Call me sentimental, but I love the feel, the smell, the very idea of a book. Granted, my family includes a long list of librarians and teachers, so perhaps this love has been instilled in me since I was a small child. Not a Christmas has passed without at least one book being gifted. Not a room has been lived in without at least one bookshelf filled to the brim with literary treasures of past and present.

In addition to my love for books, I also love to write. As a little girl, I incessantly wrote stories, carefully stapling two pieces of matching construction paper together to protect the outpouring of my innocent imagination. Even as a child, I paid attention to the different facets of a book – the title page, the dedication page, the author’s biography. I understood the importance of which font to use (and often changed my handwriting in an effort to capture this detail) and the effect of the cover picture (we’re taught not to judge a book by its cover, but more often than not, first impressions rely entirely on appearances). Would this sort of appreciation have been fostered in my younger years had books been so easily replaced by technology?
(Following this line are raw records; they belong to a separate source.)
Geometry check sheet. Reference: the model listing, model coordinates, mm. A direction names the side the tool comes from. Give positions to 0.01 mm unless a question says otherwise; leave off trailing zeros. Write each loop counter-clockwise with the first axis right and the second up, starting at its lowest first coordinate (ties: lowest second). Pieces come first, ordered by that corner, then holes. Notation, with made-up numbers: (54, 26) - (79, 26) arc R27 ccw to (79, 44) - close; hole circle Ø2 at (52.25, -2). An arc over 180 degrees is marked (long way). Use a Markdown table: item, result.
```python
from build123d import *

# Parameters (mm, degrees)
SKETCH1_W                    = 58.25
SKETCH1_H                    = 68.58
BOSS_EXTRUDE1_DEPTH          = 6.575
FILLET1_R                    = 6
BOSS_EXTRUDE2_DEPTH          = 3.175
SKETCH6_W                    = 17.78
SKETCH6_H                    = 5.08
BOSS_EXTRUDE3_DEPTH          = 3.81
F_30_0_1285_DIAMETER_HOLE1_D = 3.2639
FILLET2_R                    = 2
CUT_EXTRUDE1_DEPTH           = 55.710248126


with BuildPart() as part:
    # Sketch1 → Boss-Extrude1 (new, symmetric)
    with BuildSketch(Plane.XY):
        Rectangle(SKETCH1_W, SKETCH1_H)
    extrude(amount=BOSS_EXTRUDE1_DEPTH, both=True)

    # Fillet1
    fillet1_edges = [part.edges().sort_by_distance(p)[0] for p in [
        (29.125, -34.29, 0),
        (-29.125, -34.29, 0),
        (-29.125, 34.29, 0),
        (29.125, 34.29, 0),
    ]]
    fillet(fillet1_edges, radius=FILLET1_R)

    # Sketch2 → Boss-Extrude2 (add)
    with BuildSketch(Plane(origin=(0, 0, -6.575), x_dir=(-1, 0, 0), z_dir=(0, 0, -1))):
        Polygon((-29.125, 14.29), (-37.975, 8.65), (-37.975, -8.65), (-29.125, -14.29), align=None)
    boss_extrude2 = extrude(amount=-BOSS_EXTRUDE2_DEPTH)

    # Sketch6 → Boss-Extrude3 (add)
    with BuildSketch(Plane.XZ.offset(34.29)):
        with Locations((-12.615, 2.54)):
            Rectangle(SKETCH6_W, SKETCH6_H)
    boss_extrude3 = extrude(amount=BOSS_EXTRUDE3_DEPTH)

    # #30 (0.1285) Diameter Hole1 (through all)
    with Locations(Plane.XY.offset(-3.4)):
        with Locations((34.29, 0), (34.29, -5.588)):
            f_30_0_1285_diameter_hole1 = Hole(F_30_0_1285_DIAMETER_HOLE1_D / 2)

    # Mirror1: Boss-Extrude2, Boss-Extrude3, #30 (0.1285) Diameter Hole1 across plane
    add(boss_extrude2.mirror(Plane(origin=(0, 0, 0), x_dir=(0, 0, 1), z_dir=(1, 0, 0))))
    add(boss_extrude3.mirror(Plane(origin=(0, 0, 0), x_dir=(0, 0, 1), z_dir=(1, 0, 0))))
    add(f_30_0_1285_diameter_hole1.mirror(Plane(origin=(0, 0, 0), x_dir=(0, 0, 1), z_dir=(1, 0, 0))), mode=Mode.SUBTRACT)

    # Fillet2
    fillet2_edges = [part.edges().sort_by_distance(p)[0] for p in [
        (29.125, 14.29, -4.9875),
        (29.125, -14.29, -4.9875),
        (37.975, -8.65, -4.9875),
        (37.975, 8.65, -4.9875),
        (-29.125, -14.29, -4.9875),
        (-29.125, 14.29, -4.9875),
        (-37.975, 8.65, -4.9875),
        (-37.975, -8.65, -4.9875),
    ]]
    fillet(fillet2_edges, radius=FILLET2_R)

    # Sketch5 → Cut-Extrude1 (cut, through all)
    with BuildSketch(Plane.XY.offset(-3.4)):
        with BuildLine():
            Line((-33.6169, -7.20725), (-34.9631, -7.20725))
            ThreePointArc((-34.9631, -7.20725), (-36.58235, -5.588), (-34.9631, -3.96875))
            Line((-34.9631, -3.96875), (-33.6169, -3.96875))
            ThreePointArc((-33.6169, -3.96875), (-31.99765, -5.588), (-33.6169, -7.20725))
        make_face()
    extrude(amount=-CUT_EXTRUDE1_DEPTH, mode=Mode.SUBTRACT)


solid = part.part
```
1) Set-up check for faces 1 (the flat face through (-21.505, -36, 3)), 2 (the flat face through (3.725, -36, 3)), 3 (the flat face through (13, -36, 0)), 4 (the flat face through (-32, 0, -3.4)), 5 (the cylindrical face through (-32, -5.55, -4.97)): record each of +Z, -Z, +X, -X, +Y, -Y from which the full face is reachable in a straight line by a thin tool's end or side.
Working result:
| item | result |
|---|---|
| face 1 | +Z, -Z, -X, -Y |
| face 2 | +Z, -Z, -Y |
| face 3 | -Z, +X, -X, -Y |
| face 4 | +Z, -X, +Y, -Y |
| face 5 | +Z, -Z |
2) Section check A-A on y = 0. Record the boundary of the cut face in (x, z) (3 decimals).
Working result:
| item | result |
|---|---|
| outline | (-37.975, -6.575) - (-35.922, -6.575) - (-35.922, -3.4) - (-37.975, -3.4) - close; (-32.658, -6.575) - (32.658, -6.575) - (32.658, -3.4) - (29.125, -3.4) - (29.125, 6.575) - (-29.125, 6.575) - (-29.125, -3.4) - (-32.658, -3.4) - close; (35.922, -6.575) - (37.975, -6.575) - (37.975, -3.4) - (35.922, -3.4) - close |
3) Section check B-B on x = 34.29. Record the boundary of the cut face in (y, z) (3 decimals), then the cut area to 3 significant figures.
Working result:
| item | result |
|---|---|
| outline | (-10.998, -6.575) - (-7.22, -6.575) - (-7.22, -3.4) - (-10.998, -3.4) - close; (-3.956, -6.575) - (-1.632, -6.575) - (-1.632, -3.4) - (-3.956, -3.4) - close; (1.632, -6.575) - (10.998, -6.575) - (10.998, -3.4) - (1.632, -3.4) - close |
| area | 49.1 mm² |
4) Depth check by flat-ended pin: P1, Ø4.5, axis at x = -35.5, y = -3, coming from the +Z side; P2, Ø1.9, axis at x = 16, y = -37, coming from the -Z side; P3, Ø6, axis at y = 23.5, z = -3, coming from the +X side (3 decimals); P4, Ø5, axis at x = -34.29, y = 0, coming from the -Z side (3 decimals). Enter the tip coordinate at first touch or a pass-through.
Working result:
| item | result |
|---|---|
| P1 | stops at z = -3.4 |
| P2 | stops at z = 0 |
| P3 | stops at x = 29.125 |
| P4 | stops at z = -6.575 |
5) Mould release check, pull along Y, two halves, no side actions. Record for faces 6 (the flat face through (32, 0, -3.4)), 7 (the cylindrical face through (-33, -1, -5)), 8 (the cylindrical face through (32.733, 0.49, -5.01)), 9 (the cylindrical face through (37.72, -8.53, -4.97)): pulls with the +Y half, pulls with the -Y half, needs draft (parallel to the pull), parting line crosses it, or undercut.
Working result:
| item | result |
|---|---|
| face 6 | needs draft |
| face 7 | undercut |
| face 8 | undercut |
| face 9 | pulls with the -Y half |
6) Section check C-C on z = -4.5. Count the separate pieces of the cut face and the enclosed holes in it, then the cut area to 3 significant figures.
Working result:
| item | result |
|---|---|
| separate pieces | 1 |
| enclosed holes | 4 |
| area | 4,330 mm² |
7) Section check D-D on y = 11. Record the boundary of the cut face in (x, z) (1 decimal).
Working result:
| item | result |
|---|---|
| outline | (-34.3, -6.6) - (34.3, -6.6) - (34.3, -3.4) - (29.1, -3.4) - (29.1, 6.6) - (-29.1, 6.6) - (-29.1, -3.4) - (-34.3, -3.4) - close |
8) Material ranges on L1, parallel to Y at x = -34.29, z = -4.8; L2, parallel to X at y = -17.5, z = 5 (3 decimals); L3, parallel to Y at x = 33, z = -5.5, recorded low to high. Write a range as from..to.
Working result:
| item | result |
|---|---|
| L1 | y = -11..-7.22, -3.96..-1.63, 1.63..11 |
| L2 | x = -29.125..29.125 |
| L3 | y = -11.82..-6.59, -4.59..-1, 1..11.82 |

One of my most prized possessions is my mother’s copy of Jane Eyre, which she first read in college.  Being one of my favorite books (along with The Great Gatsby), I’ve reread this story more times than I can count. As much as I adore the characters and the complications that they encounter and gracefully overcome, the faded green cover, the somewhat-broken binding and the worn-in pages unequivocally entrance me as well.  An iPad can capture the words and the wonderfulness enclosed in a book, but it simply cannot reproduce the book itself.

a few of my favorites

Having recently taken a long weekend trip (the best of my life, thanks to a certain someone, and also the reason for my blog-writing absence), I am even more intrigued by this “magical and revolutionary product” (Apple’s words, not mine). So, being the inquisitive girl that I am (just ask my boyfriend – I pose more questions that he ever thought possible), I started asking strangers in the airport about their choice to purchase an iPad. What makes it so great?

To my relief, here’s what I found: Reading wasn’t the number one reason for using an iPad. Yes, I talked to plenty of people who loved to read and initially bought the device for this purpose. But an iPad also allows you to sync your calendars and easily keep track of your busy life, play an episode of Olivia for your screaming child and manage a much-needed packing list before a vacation – all with the simple touch of a screen. While a laptop can do all these things as well, an iPad is more compact and comes equipped with Wi-Fi or Wi-Fi + 3G, making it both very transportable and accessible.

All and all, an iPad is more of an entertainment device than a stand-in for books, magazines and newspapers. Still, it just doesn’t sit right with me. What if, because of advancements in this sort of technology, books, magazines and newspapers someday become obsolete? Hoping to be a published author myself, (my parents always taught me to dream big), I would hate to think that my stories would never sit on bookshelves, never be shared among friends, never be flipped through with anticipation about what lies on the next page.

Recently, as I watched a friend quickly fill her suitcase and hastily head to the airport, I experienced a moment’s worth of jealously as she topped off her carry-on with an iPad. No need to cram magazines into an already over-stuffed bag. No need to question whether three novels are enough to sustain a week’s worth of time in the sun. No need to debate bringing along your laptop. An iPad is easier, smaller, smarter, quicker to pack. But it just isn’t the same.